Given records:
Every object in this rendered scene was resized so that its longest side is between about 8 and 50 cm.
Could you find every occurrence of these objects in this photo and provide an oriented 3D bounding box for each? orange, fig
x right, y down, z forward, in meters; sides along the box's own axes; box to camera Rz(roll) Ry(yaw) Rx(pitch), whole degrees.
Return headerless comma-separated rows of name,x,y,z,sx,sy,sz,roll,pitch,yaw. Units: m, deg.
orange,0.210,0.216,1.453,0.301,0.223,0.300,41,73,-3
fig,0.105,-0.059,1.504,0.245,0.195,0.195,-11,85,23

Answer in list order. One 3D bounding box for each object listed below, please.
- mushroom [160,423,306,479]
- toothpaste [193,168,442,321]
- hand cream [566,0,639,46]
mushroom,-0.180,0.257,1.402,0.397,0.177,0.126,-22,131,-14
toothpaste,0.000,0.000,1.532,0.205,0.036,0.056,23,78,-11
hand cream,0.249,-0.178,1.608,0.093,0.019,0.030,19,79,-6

Assigned task: Starting with the line that holds "Return headerless comma-separated" and ending with the line that holds "- toothpaste [193,168,442,321]", retype every line in the data above exactly, and nothing else.

Solution for this exercise:
Return headerless comma-separated rows of name,x,y,z,sx,sy,sz,roll,pitch,yaw. Units: m, deg.
orange,0.210,0.216,1.453,0.301,0.223,0.300,41,73,-3
fig,0.105,-0.059,1.504,0.245,0.195,0.195,-11,85,23

Answer in list order. One 3D bounding box for each object listed below, please.
- mushroom [160,423,306,479]
- toothpaste [193,168,442,321]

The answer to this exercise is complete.